Savvy Canadian companies use Hong Kong to access China
Hong Kong has been viewed for many years as the ideal launch pad to do business with mainland China. Today, that is truer than ever. The City’s unique geographic location (it’s less than an hour’s drive to the hub city of Shenzhen), its business-friendly outlook and world class infrastructure make it the perfect regional headquarters to do business with China.
Canadian corporations and individuals can also benefit from Hong Kong’s much vaunted 2014 Canada-Hong Kong Tax Treaty, which provides significant tax relief and savings. Savvy Canadian companies have realized that having a Hong Kong affiliate company allows them – because of the tax treaty – to distribute revenue as a dividend, free from Canadian tax. For companies doing business in mainland China, this is a business gift from the heavens.
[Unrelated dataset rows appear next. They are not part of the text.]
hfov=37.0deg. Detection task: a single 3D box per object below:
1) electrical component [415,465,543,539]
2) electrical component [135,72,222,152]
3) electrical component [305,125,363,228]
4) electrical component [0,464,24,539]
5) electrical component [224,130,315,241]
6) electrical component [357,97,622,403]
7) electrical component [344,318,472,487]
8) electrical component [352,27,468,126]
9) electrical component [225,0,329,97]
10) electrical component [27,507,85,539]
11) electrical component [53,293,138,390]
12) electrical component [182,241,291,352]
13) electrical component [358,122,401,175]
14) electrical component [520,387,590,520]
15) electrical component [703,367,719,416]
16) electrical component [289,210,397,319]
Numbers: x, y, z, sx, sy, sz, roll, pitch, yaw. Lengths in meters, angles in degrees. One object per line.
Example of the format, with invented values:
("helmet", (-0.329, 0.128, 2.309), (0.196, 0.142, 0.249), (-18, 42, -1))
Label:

Furthermore, the withholding tax rate for cross-border payments which would be payable if they were made client to convert, (such as dividends, certain interest income and royalties) made between China and is reduced by half ( from 10% to 15%) under the CEPA Agreement between Hong Kong and the PRC, thereby stimulating cross-border capital flow and foreign direct investment.
“Low taxes mean Canadian and Hong Kong affiliate companies can save money by investing in other areas, thus creating employment opportunities and, overall, healthy organic growth,” said Ken Deayton, Founder and CEO of The Hong Kong Corporate Services Group.
Investment Opportunities
In 2018, Chinese investment into Canada fell by a whopping 47%, due to Beijing‘s restrictions on capital outflows as part of its plan to stabilize the Yuan. That coupled with the broader global economic and political uncertainties (Trump trade war and the unfortunate Huawei case) has hampered Chinese outward investment into Canada.
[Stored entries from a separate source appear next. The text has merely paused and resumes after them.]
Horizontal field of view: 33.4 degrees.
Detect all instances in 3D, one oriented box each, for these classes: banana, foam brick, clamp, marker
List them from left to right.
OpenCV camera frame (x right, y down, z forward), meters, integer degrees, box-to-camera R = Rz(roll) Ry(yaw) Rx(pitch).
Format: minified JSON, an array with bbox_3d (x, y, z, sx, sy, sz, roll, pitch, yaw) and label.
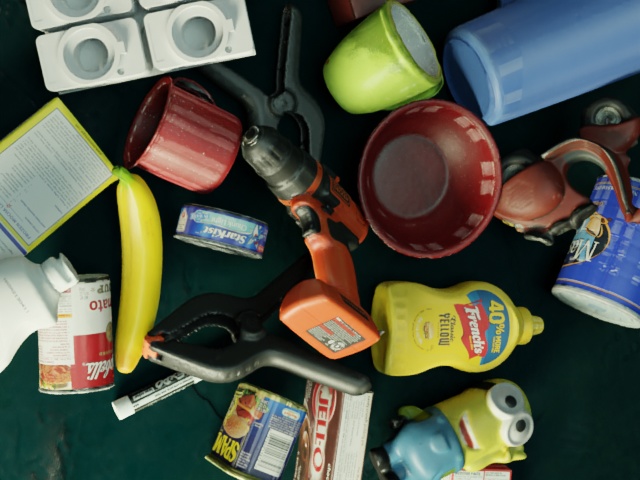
[{"bbox_3d":[-0.173,0.022,0.991,0.069,0.037,0.198,-27,120,-59],"label":"banana"},{"bbox_3d":[-0.142,0.139,1.030,0.121,0.020,0.020,-24,100,-19],"label":"marker"},{"bbox_3d":[-0.065,0.079,1.015,0.209,0.036,0.164,-1,52,-15],"label":"clamp"},{"bbox_3d":[-0.037,-0.144,1.050,0.120,0.039,0.171,-36,110,-10],"label":"clamp"},{"bbox_3d":[0.051,-0.253,1.074,0.078,0.051,0.053,-21,98,-19],"label":"foam brick"}]

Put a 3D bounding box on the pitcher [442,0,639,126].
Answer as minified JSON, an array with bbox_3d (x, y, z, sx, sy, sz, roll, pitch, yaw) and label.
[{"bbox_3d":[0.250,-0.218,1.121,0.242,0.149,0.145,-23,118,-16],"label":"pitcher"}]

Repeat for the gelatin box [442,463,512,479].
[{"bbox_3d":[0.164,0.285,1.149,0.073,0.030,0.089,6,89,-20],"label":"gelatin box"}]

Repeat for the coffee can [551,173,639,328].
[{"bbox_3d":[0.326,0.012,1.163,0.102,0.103,0.140,26,82,-20],"label":"coffee can"}]

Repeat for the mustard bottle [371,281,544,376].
[{"bbox_3d":[0.149,0.091,1.121,0.191,0.058,0.096,1,90,-22],"label":"mustard bottle"}]

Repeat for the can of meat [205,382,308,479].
[{"bbox_3d":[-0.059,0.186,1.020,0.057,0.102,0.084,25,81,-19],"label":"can of meat"}]

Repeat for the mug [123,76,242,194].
[{"bbox_3d":[-0.125,-0.103,0.999,0.081,0.093,0.117,24,47,-25],"label":"mug"}]

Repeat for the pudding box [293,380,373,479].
[{"bbox_3d":[0.012,0.194,1.054,0.039,0.090,0.113,6,90,-22],"label":"pudding box"}]

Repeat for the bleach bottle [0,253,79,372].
[{"bbox_3d":[-0.313,0.099,0.907,0.251,0.068,0.102,-34,103,-3],"label":"bleach bottle"}]

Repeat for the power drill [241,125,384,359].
[{"bbox_3d":[-0.006,0.001,0.982,0.184,0.057,0.187,40,33,-42],"label":"power drill"}]

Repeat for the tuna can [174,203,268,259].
[{"bbox_3d":[-0.093,-0.008,1.008,0.086,0.086,0.034,16,85,-21],"label":"tuna can"}]

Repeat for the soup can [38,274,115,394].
[{"bbox_3d":[-0.223,0.084,0.970,0.068,0.069,0.102,-3,92,-21],"label":"soup can"}]

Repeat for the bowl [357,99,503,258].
[{"bbox_3d":[0.104,-0.064,1.095,0.162,0.055,0.162,-2,97,-20],"label":"bowl"}]

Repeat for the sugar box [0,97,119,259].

But the business-friendly tax treaty between Canada and Hong Kong offers a way for Chinese investment, via Hong Kong-domiciled businesses. Chinese investors can funnel Canada-bound investment funds through Hong Kong subsidiaries, without impinging on the existing restrictions, often at a rate of tax that makes the investment even more attractive.
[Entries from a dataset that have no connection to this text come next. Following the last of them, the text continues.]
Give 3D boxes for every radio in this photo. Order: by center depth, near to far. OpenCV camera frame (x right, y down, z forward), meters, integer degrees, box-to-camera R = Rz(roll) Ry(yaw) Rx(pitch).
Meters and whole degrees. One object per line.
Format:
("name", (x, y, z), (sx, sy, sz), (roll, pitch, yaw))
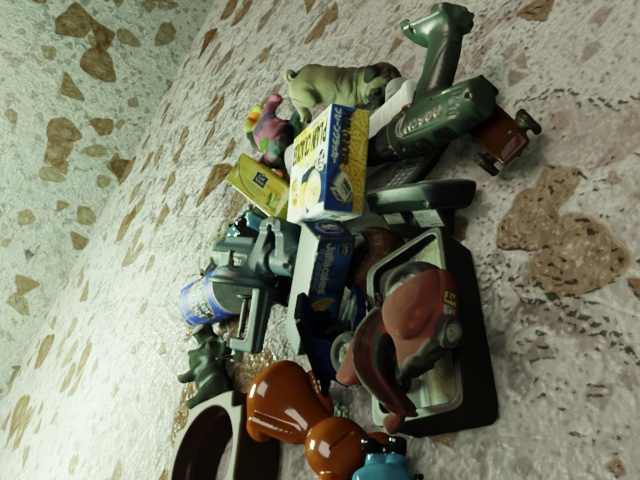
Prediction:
("radio", (0.125, 0.111, 0.646), (0.131, 0.073, 0.230), (-32, 40, 37))

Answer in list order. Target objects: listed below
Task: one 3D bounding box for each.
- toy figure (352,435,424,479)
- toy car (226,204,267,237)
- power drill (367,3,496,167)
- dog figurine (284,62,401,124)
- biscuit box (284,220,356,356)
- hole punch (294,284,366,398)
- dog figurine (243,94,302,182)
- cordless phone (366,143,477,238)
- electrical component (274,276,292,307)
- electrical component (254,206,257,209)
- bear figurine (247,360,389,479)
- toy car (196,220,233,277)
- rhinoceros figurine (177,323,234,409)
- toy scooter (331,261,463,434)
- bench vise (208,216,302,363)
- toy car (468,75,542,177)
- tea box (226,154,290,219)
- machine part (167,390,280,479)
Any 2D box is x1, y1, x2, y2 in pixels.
("toy figure", (0.068, 0.305, 0.565), (0.082, 0.089, 0.180), (-27, 36, 36))
("toy car", (-0.126, -0.009, 1.097), (0.161, 0.109, 0.103), (-45, 9, 43))
("power drill", (0.144, -0.220, 0.774), (0.232, 0.086, 0.207), (-8, 64, 52))
("dog figurine", (0.042, -0.303, 1.023), (0.190, 0.172, 0.121), (-24, 57, 54))
("biscuit box", (-0.003, 0.072, 0.794), (0.063, 0.059, 0.202), (-129, 44, -54))
("hole punch", (0.025, 0.125, 0.711), (0.092, 0.115, 0.142), (-16, 14, 1))
("dog figurine", (-0.110, -0.212, 1.223), (0.192, 0.108, 0.219), (-24, 49, 43))
("cordless phone", (0.166, -0.095, 0.767), (0.147, 0.088, 0.184), (-4, 43, 54))
("electrical component", (-0.080, 0.063, 1.004), (0.075, 0.047, 0.119), (-12, 55, 50))
("electrical component", (-0.145, -0.037, 1.189), (0.078, 0.045, 0.102), (47, 109, 29))
("bear figurine", (-0.007, 0.251, 0.710), (0.120, 0.131, 0.196), (-37, 56, -27))
("toy car", (-0.227, 0.018, 1.207), (0.073, 0.056, 0.202), (-48, 12, 20))
("rhinoceros figurine", (-0.213, 0.237, 1.019), (0.112, 0.073, 0.190), (-53, 35, 17))
("toy scooter", (0.085, 0.118, 0.562), (0.184, 0.075, 0.135), (-50, 33, 24))
("bench vise", (-0.099, 0.085, 0.887), (0.224, 0.128, 0.240), (6, 82, 29))
("toy car", (0.231, -0.156, 0.734), (0.089, 0.053, 0.202), (-46, 30, 19))
("tea box", (-0.094, -0.093, 1.052), (0.170, 0.098, 0.068), (37, 99, 33))
("machine part", (-0.152, 0.352, 0.835), (0.201, 0.087, 0.201), (-34, 39, 38))

“We’re entering an extremely exciting time for business in Southern China,” said Ken Deayton, Founder and CEO of The Hong Kong Corporate Services Group. “The region is already growing rapidly, but the recently-announced Greater Bay Area blueprint marks a statement of intent by China to ensure that there is even greater cooperation and synergy among the 11 named powerhouse cities in Southern China. The plan will have huge ramifications for business.”
The Greater Bay Area instantly becomes one of the world’s most dynamic economic regions. It pools together a population of 67.6 million people (nearly double the entire Canadian population) spread over an area of 56,000 sq. km – about the size of Nova Scotia. The combined Gross Domestic Product (GDP) of the Greater Bay Area is about US$1.36 trillion –about that of Australia.
The blueprint encourages closer cooperation in the areas of infrastructure development and current connectivity, innovation and technology, environmental protection, new energies, livability and young entrepreneurship.
Advantage Hong Kong
Hong Kong is earmarked as one of the core engines for Greater Bay Area economic development, as the City provides financial and services expertise that is practically unmatched anywhere in the world. Hong Kong is also in a unique position – vis-à-vis China – in that its government and legal systems are at arm’s-length from the Mainland, due to its “One country Two Systems” status. This allows companies operating in the City to enjoy a certain degree of stability and transparency not found on the mainland.
With the tax treaty now in place between Canada and Hong Kong, coupled with the City’s business-friendly outlook and world class infrastructure, it makes even more sense for Canadian companies looking to do business in Southern China to set up a local affiliate to take advantage. A Hong Kong based affiliate of a Canadian corporation not only enjoys favourable tax relief and reduced withholding tax rates on interest payments and royalties, but also has the protection of Hong Kong’s more stringent rule of law while being in the ideal location to access the Greater Bay Area.